Since this is mixed under low shear conditions to form a structured emulsion, not only can relatively large particles be produced, but also the stability of the particles in the dispersion at high temperatures is poor. there were.

SUMMARY OF THE INVENTION The present invention has been made to solve the above-mentioned problems, and it is an object of the present invention to obtain vesicles having a storage stability of vesicles containing oil in a multilayer bilayer structure and having a fine particle size. It is an object of the present invention to provide a method for producing an endoplasmic reticulum dispersion liquid that can be used.

[0005]

Means for Solving the Problems and Embodiments of the Invention The present inventors have made intensive studies to solve the above-mentioned problems, and as a result, the film-forming component, the oil component, and a part of the aqueous phase were mixed as a whole. By adding high shear while kneading, a liquid crystal composition in which oil is dispersed in minute units in a bilayer film multilayer structure of film forming components is formed, and the liquid crystal composition and the remaining aqueous phase are further combined. By mixing and producing the vesicle dispersion liquid, not only can vesicles containing an oil component contained in the dispersion liquid by the bilayer membrane multilayer structure be stably formed, and particularly, the average particle diameter is 0.1 to 0. The present inventors have found that fine and uniform vesicles having a size of about 0.5 μm are formed, and have accomplished the present invention.

Accordingly, the present invention provides a method of kneading a system comprising a film-forming component, an oil component and a part of an aqueous phase under high shear at a temperature not lower than the phase transition of the film-forming component to form a liquid crystal composition. After forming the product, the remaining amount of the aqueous phase is added to and mixed with the liquid crystal composition to form a vesicle dispersion liquid in which the oil is incorporated into a bilayer film multilayer structure comprising film forming components. And a method for producing a vesicle dispersion.

Now, the present invention will be described in further detail. The method for producing a vesicle dispersion according to the present invention comprises a film-forming component,
An oil component and an aqueous phase component are used.

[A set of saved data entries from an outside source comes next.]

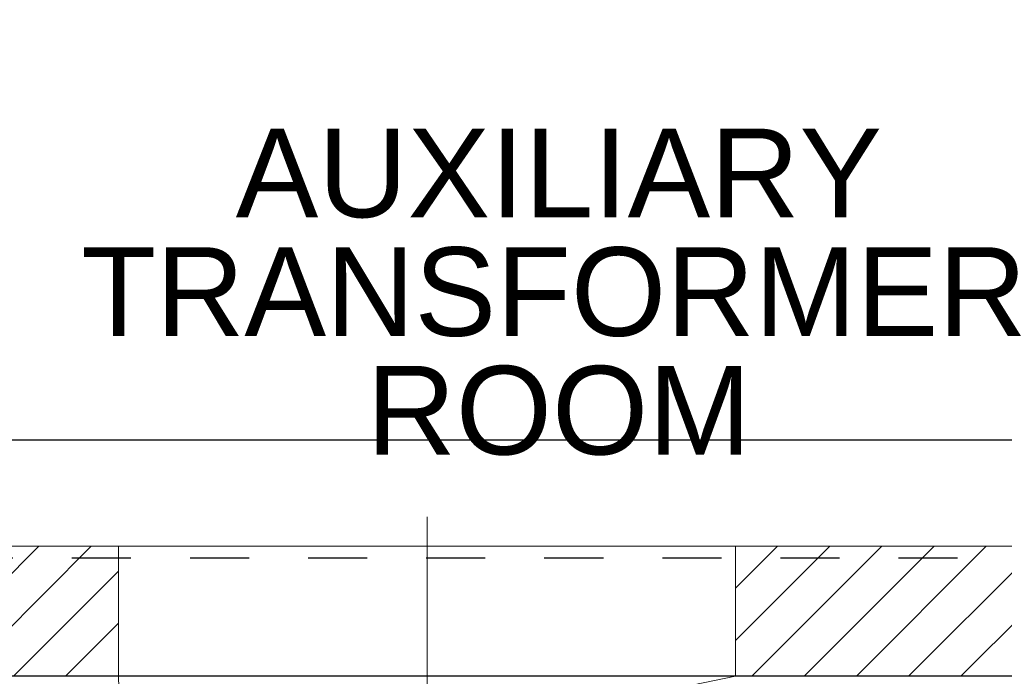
# Model space of a CAD drawing. Header units: metres. Extents: x 70279.8 to 70377.7, y 409251.8 to 409331.5.
# Tile 12 of 244: x 70312.9 to 70314.6, y 409290.8 to 409292. Entities that reach past the tile are written whole.
import ezdxf
from ezdxf.enums import TextEntityAlignment as Align

# ---------------------------------------------------------------- set-up
doc = ezdxf.new("R2010")
doc.units = ezdxf.units.M
doc.linetypes.add('CENTER', pattern=[2, 1.25, -0.25, 0.25, -0.25])
for name, color, linetype, lineweight in [('ARCERING', 2, 'Continuous', 18), ('CONTINUOUS', 7, 'Continuous', 18), ('TEKST', 1, 'Continuous', 18)]:
    doc.layers.add(name, color=color, linetype=linetype, lineweight=lineweight)
doc.layers.add('Concrete_ foundation', color=253, linetype='Continuous')
doc.styles.add('Arial', font='arial.ttf')

# ---------------------------------------------------------------- blocks, each defined once
blk = doc.blocks.new('deur-1000-muur220')
at = {"layer": 'CONTINUOUS'}
for p, q in [((-220, 1000.000000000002), (-427.6399299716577, 21.79467417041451)), ((-220, 1000), (0, 1000)), ((50, 500), (-370, 500)), ((-220, 0), (0, 0))]:
    blk.add_line(p, q, dxfattribs=at)
blk.add_arc((-220, 1000), 1000, 252.0069121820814, 270, dxfattribs=at)
blk = doc.blocks.new('A$C0A444100')
at = {"layer": 'ARCERING'}
h = blk.add_hatch(dxfattribs=at)
h.set_pattern_fill('ANSI31', color=256, scale=500)
h.set_pattern_definition([(45, (-6763.466272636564, -7142.939093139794), (-44.19417382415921, 44.19417382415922), [])])
h.paths.add_polyline_path([(1688.000008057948, 7480.000006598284), (1688.000008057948, 7700.000006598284), (1300.000008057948, 7700.000006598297), (1300.000008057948, 1700.000006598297), (2239.000008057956, 1700.000006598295), (2239.000008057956, 1920.000006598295), (1520.000008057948, 1920.000006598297), (1520.000008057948, 7480.000006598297)])
h = blk.add_hatch(dxfattribs=at)
h.set_pattern_fill('ANSI31', color=256, scale=500)
h.set_pattern_definition([(45, (-8839.999991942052, -7199.999993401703), (-44.19417382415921, 44.19417382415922), [])])
h.paths.add_polyline_path([(4283.000008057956, 1920.000006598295), (3284.000008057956, 1920.000006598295), (3284.000008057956, 1700.000006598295), (4283.000008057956, 1700.000006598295)])
h.paths.add_polyline_path([(7594.000008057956, 1920.000006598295), (5328.000008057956, 1920.000006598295), (5328.000008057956, 1700.000006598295), (7594.000008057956, 1700.000006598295)])
h.paths.add_polyline_path([(13703.00000805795, 1920.000006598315), (8639.000008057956, 1920.000006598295), (8639.000008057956, 1700.000006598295), (13703.00000805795, 1700.000006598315)])
at = {"layer": 'Concrete_ foundation', "linetype": 'CENTER', "ltscale": 5}
blk.add_line((16460.00000805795, 1900.000006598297), (1000.000008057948, 1900.000006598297), dxfattribs=at)
at = {"layer": 'Concrete_ foundation'}
blk.add_lwpolyline([(8960.000008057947, 1700.000006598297), (1720.000008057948, 1700.000006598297), (1720.000008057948, 2100.000006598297), (5779.999942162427, 2100.000006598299), (5779.999942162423, 1700.000006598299)], dxfattribs=at)
at = {"layer": 'CONTINUOUS'}
for p, q in [((15940.00000805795, 1920.000006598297), (1520.000008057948, 1920.000006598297)), ((3210.000008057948, 1920.000006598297), (2690.000008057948, 1920.000006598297)), ((16160.00000805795, 1700.000006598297), (1300.000008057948, 1700.000006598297))]:
    blk.add_line(p, q, dxfattribs=at)
at = {"layer": 'Concrete_ foundation', "xscale": -1, "yscale": 1.045, "rotation": 270}
blk.add_blockref('deur-1000-muur220', (2239.000008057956, 1920.000006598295), dxfattribs=at)
at = {"layer": 'TEKST', "style": 'Arial'}
for s, p in [('AUXILIARY', (2984.666414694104, 2477.020394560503)), ('TRANSFORMER', (2984.666414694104, 2276.218893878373)), ('ROOM', (2984.666414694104, 2075.417393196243))]:
    blk.add_text(s, height=150, dxfattribs=at).set_placement(p, align=Align.CENTER)

msp = doc.modelspace()

# ---------------------------------------------------------------- linework, layer by layer
msp.add_line((70327, 409290.8499999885), (70312.1400000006, 409290.8499999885))

# ---------------------------------------------------------------- block references
at = {"xscale": 0.001, "yscale": 0.001, "zscale": 0.001}
msp.add_blockref('A$C0A444100', (70310.83999999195, 409289.1499999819), dxfattribs=at)

doc.saveas('drawing.dxf')

Here, the type of the film-forming component is not particularly limited as long as it forms a bilayer multilayer, but a quaternary ammonium salt represented by the following general formula (1) and a tertiary ammonium salt One or more selected from cationic surfactants such as amine salts, imidazoline salts, imidazolinium salts, amino acid-based cationic surfactants, or represented by the following general formula (2) together with the above cationic surfactants Mixtures with higher alcohols are preferably used, of which quaternary ammonium salts are particularly preferred.

[0009]

Embedded image (Where R ¹ is an alkyl group or alkenyl group having 10 to 24 carbon atoms, R ² is an alkyl group having 1 to 3 carbon atoms, an alkyl group or alkenyl group having 10 to 24 carbon atoms,
¹ and R ² may each be unsubstituted;
It is divided by a functional group such as CONH- or -COO-
It may be substituted with a functional group such as H. R ³ has 1 carbon atom
And R ⁴ is an alkyl group having 1 to 3 carbon atoms or a benzyl group, and X is a halogen atom or a monoalkyl sulfate group. R ⁵ —OH (2) (wherein, R ⁵ is an alkyl group having 12 to 22 carbon atoms)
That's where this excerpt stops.